Instructions to follow => Copy the listing below exactly. Pictures stay out of it.

*** Block opens ***

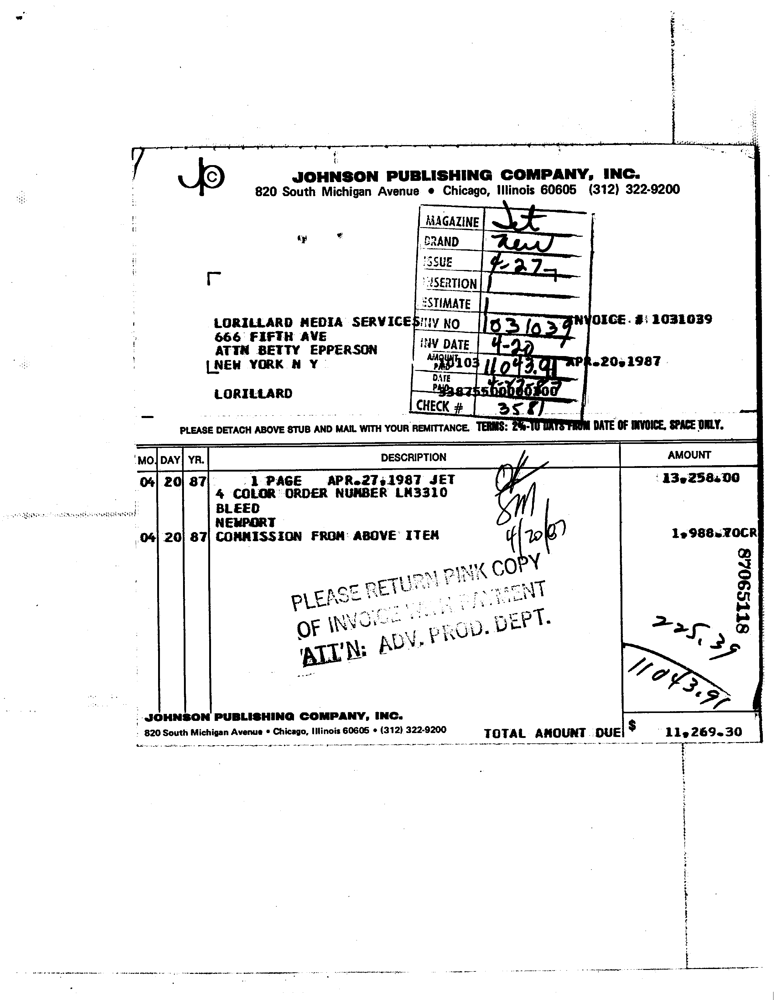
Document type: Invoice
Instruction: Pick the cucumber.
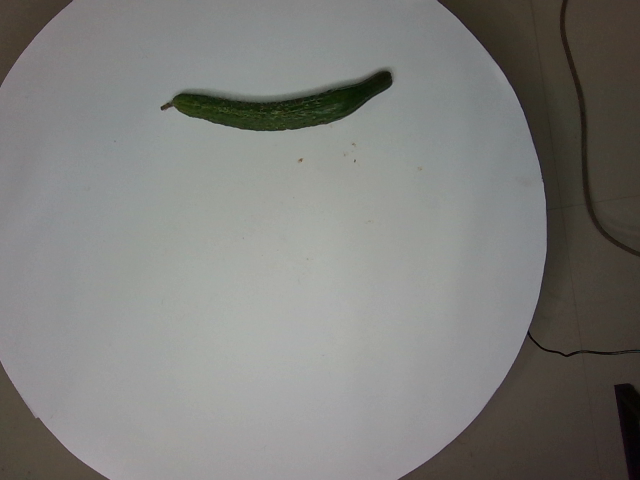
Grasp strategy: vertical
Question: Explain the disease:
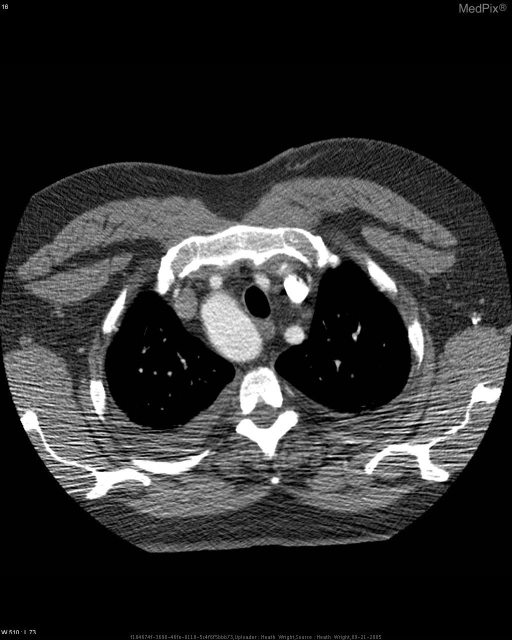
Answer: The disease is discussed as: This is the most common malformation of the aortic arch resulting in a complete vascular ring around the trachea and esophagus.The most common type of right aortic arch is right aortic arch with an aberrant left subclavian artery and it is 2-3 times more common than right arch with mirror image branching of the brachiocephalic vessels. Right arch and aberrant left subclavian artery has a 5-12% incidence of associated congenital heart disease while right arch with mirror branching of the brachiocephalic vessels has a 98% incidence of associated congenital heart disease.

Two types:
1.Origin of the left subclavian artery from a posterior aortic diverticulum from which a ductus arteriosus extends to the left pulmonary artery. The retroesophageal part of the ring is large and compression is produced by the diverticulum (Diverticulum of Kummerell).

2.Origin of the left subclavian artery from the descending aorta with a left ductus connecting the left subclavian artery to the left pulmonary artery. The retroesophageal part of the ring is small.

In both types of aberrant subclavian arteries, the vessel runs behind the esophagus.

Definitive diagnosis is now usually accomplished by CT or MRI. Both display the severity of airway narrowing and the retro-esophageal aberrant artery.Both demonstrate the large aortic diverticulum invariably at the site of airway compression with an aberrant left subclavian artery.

*** Block closes ***

Response area =>
Document type: Invoice
Instruction: Pick the cucumber.
Grasp strategy: vertical
Question: Explain the disease:
Answer: The disease is discussed as: This is the most common malformation of the aortic arch resulting in a complete vascular ring around the trachea and esophagus.The most common type of right aortic arch is right aortic arch with an aberrant left subclavian artery and it is 2-3 times more common than right arch with mirror image branching of the brachiocephalic vessels. Right arch and aberrant left subclavian artery has a 5-12% incidence of associated congenital heart disease while right arch with mirror branching of the brachiocephalic vessels has a 98% incidence of associated congenital heart disease.

Two types:
1.Origin of the left subclavian artery from a posterior aortic diverticulum from which a ductus arteriosus extends to the left pulmonary artery. The retroesophageal part of the ring is large and compression is produced by the diverticulum (Diverticulum of Kummerell).

2.Origin of the left subclavian artery from the descending aorta with a left ductus connecting the left subclavian artery to the left pulmonary artery. The retroesophageal part of the ring is small.

In both types of aberrant subclavian arteries, the vessel runs behind the esophagus.

Definitive diagnosis is now usually accomplished by CT or MRI. Both display the severity of airway narrowing and the retro-esophageal aberrant artery.Both demonstrate the large aortic diverticulum invariably at the site of airway compression with an aberrant left subclavian artery.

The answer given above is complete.